The Strad Issue: March 2016
Description: Private Bach recordings by a period performance pioneer
Musicians: Eduard Melkus (violin)
Composer: Bach

What a curious disc. From a label without a catalogue comes a transfer of three solo works, recorded live in August 1975, on what sounds like a C90 cassette in a portable recorder operated by someone sitting a few rows back in Vienna’s Karlskirche (trenchcoat specials, we used to call them). Through the hum of traffic, unfiltered hiss and the frangible tone of well-used tape can nonetheless be discerned some extraordinarily fine Bach playing.

Born in 1928, Eduard Melkus is regarded as one of the pioneers of historically informed performance of Baroque music. Unlike many who came after, he has no problem with tuning (the same can’t be said of the tape’s periodic pitch-bends, which could have been discreetly corrected in the remastering), nor with sustaining a singing line while holding respect for the Sonatas’ and Partitas’ implied dance rhythms.

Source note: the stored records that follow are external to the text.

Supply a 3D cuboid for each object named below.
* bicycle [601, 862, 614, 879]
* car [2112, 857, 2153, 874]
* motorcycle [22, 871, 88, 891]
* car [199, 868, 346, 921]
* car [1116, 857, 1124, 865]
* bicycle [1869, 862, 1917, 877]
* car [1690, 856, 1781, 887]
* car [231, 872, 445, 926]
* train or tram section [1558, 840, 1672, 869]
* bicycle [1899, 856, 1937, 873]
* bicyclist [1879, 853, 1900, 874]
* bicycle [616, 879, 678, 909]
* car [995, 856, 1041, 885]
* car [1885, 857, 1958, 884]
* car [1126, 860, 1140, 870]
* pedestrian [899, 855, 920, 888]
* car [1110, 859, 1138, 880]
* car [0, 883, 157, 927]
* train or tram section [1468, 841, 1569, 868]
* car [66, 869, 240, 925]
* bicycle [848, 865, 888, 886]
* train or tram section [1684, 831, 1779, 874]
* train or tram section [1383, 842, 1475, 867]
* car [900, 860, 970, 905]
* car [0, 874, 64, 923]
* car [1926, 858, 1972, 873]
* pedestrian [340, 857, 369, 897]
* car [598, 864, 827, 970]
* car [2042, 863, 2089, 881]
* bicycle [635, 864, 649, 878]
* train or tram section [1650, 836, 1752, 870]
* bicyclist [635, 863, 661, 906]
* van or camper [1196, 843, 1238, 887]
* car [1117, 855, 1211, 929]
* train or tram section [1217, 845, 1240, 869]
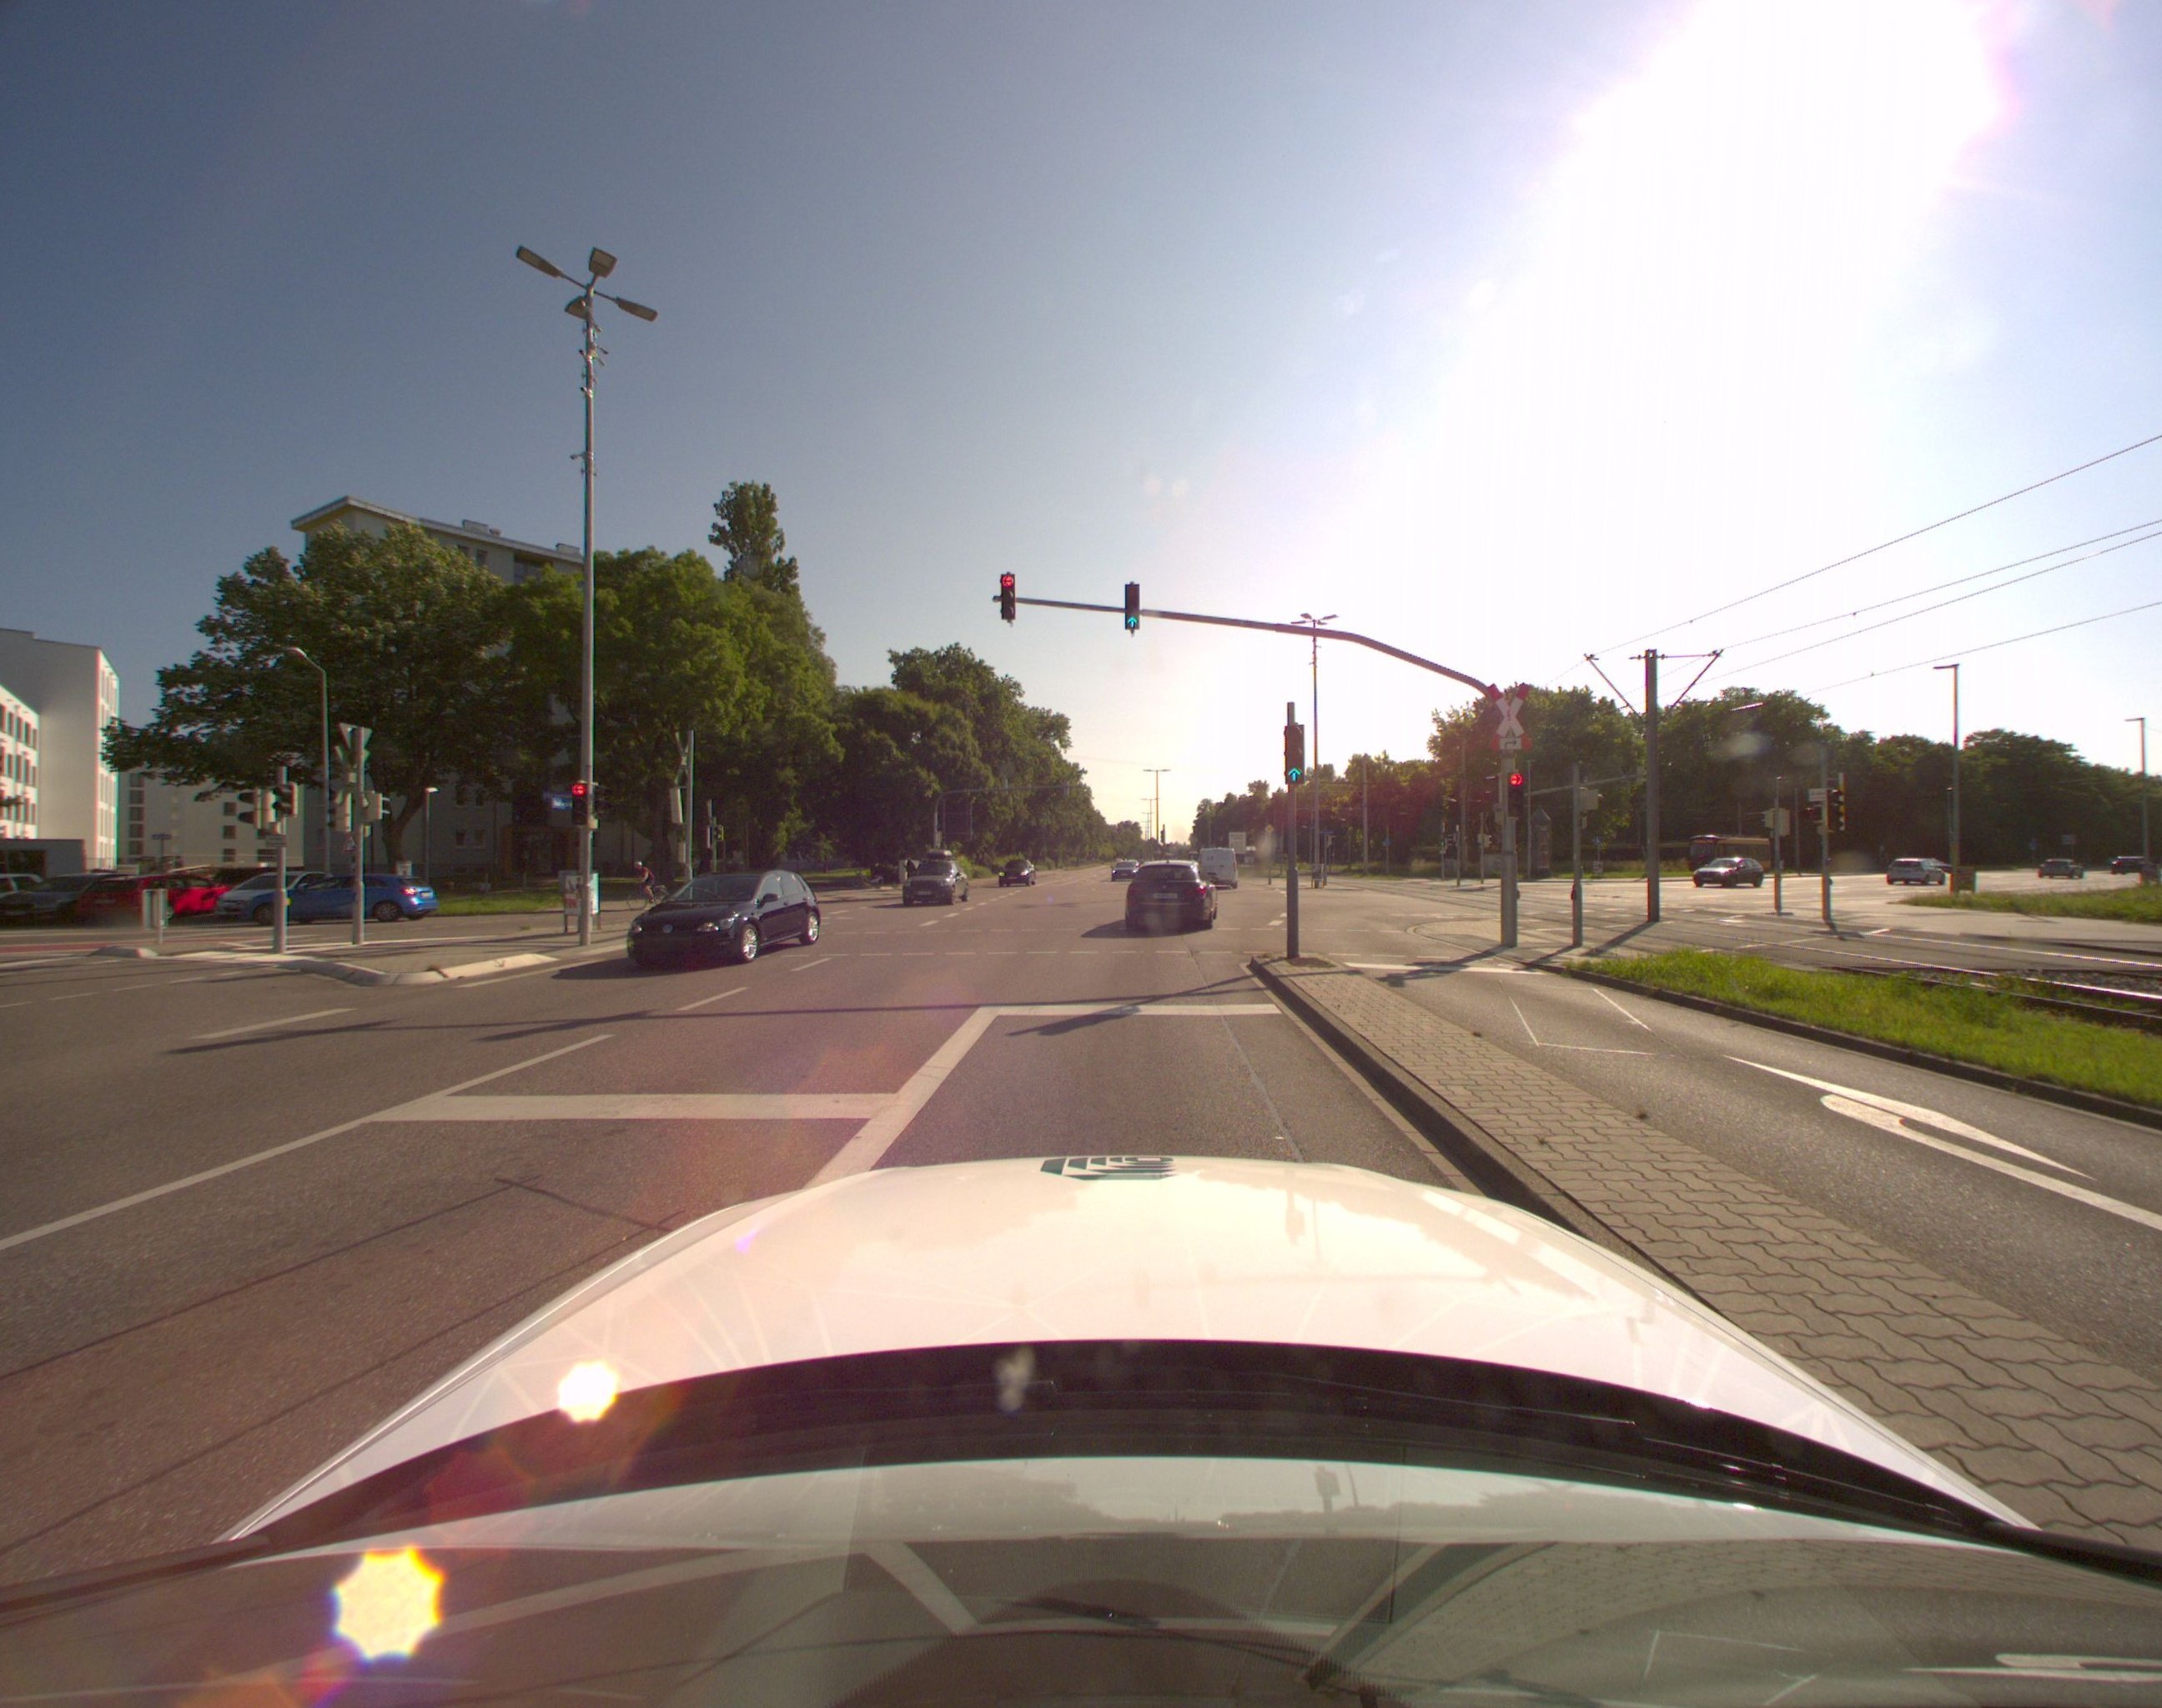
[{"bbox_3d":[-32.216,1.129,55.390,0.615,1.066,1.897,1,-3,-34],"label":"bicycle"},{"bbox_3d":[92.404,1.016,71.535,3.537,1.383,1.592,-1,0,-27],"label":"car"},{"bbox_3d":[-51.973,1.347,41.278,0.520,0.965,2.057,0,0,36],"label":"motorcycle"},{"bbox_3d":[-27.738,1.335,28.144,1.782,1.439,3.981,0,3,-15],"label":"car"},{"bbox_3d":[9.229,1.626,193.296,1.781,1.772,4.573,0,0,3],"label":"car"},{"bbox_3d":[79.336,1.499,79.611,1.131,1.454,3.208,1,-1,-20],"label":"bicycle"},{"bbox_3d":[36.224,0.957,45.069,4.870,1.563,2.027,-1,0,-26],"label":"car"},{"bbox_3d":[-21.596,1.269,23.884,4.242,1.414,1.774,0,0,-18],"label":"car"},{"bbox_3d":[68.434,0.072,104.793,3.064,3.579,12.110,0,-1,-31],"label":"train or tram section"},{"bbox_3d":[85.404,1.054,83.142,0.798,1.713,2.586,0,0,-33],"label":"bicycle"},{"bbox_3d":[79.267,0.916,79.831,1.140,2.014,1.091,1,-1,-20],"label":"bicyclist"},{"bbox_3d":[-16.157,1.475,30.386,0.614,1.040,2.083,0,0,24],"label":"bicycle"},{"bbox_3d":[-3.870,1.000,50.655,1.979,1.659,4.393,-1,0,7],"label":"car"},{"bbox_3d":[51.362,0.991,49.767,4.211,1.563,1.840,0,0,-26],"label":"car"},{"bbox_3d":[7.603,1.576,118.085,1.839,1.477,4.652,0,0,5],"label":"car"},{"bbox_3d":[-9.073,0.916,43.006,0.811,1.752,0.933,0,0,8],"label":"pedestrian"},{"bbox_3d":[3.117,1.073,57.979,1.821,1.431,4.737,-1,0,4],"label":"car"},{"bbox_3d":[-32.672,1.606,26.545,1.463,1.193,3.768,0,0,-14],"label":"car"},{"bbox_3d":[61.214,0.131,114.273,12.073,3.579,3.073,0,-1,39],"label":"train or tram section"},{"bbox_3d":[-30.700,1.358,27.142,1.781,1.415,3.983,0,3,-13],"label":"car"},{"bbox_3d":[-11.317,1.133,43.282,1.901,1.119,0.632,0,-1,2],"label":"bicycle"},{"bbox_3d":[58.510,-0.117,73.115,11.895,3.579,3.022,0,-1,-33],"label":"train or tram section"},{"bbox_3d":[51.689,0.165,121.288,12.279,3.579,3.073,0,-1,34],"label":"train or tram section"},{"bbox_3d":[-5.256,0.992,29.825,1.782,1.520,4.000,-1,0,1],"label":"car"},{"bbox_3d":[-35.317,1.429,25.845,1.783,1.521,3.978,0,0,-16],"label":"car"},{"bbox_3d":[81.669,1.062,76.581,4.314,1.335,1.735,0,0,-26],"label":"car"},{"bbox_3d":[-32.071,1.006,35.940,0.619,1.713,0.707,0,0,15],"label":"pedestrian"},{"bbox_3d":[-5.974,0.936,13.827,1.881,1.474,4.102,-1,0,2],"label":"car"},{"bbox_3d":[75.753,1.375,62.654,3.537,1.384,1.592,0,-1,-27],"label":"car"},{"bbox_3d":[-30.547,1.161,56.673,0.673,0.919,2.382,0,0,-32],"label":"bicycle"},{"bbox_3d":[70.618,-0.049,93.257,3.031,3.579,12.243,0,0,4],"label":"train or tram section"},{"bbox_3d":[-16.159,1.130,30.382,0.602,1.560,0.606,0,-1,24],"label":"bicyclist"},{"bbox_3d":[6.907,0.550,41.456,1.982,2.096,4.610,0,0,9],"label":"van or camper"},{"bbox_3d":[1.979,0.780,18.595,1.892,1.506,4.074,0,0,8],"label":"car"},{"bbox_3d":[23.543,0.588,130.390,2.782,3.618,12.978,1,-1,6],"label":"train or tram section"}]

He is superb at pointing up different voices in the D minor Allemande and A minor Fugue without resorting to caricature. He fairly whips through the quicker dance movements with a racing pulse that is securely anchored by a slightly old-fashioned, Viennese nudge to the first beat of the bar. The Chaconne is done refreshingly straight, with a searing sense of purpose and without a trace of pathos.

The encores are similarly ‘private’ recordings, perhaps less compelling, though it is good to hear Melkus’s ingenious completion of the unfinished ‘Fuga a 3 soggetti’ from The Art of Fugue, played rather heavily by a quartet with a continuo of harpsichord and bass. But the solo sonatas are required listening.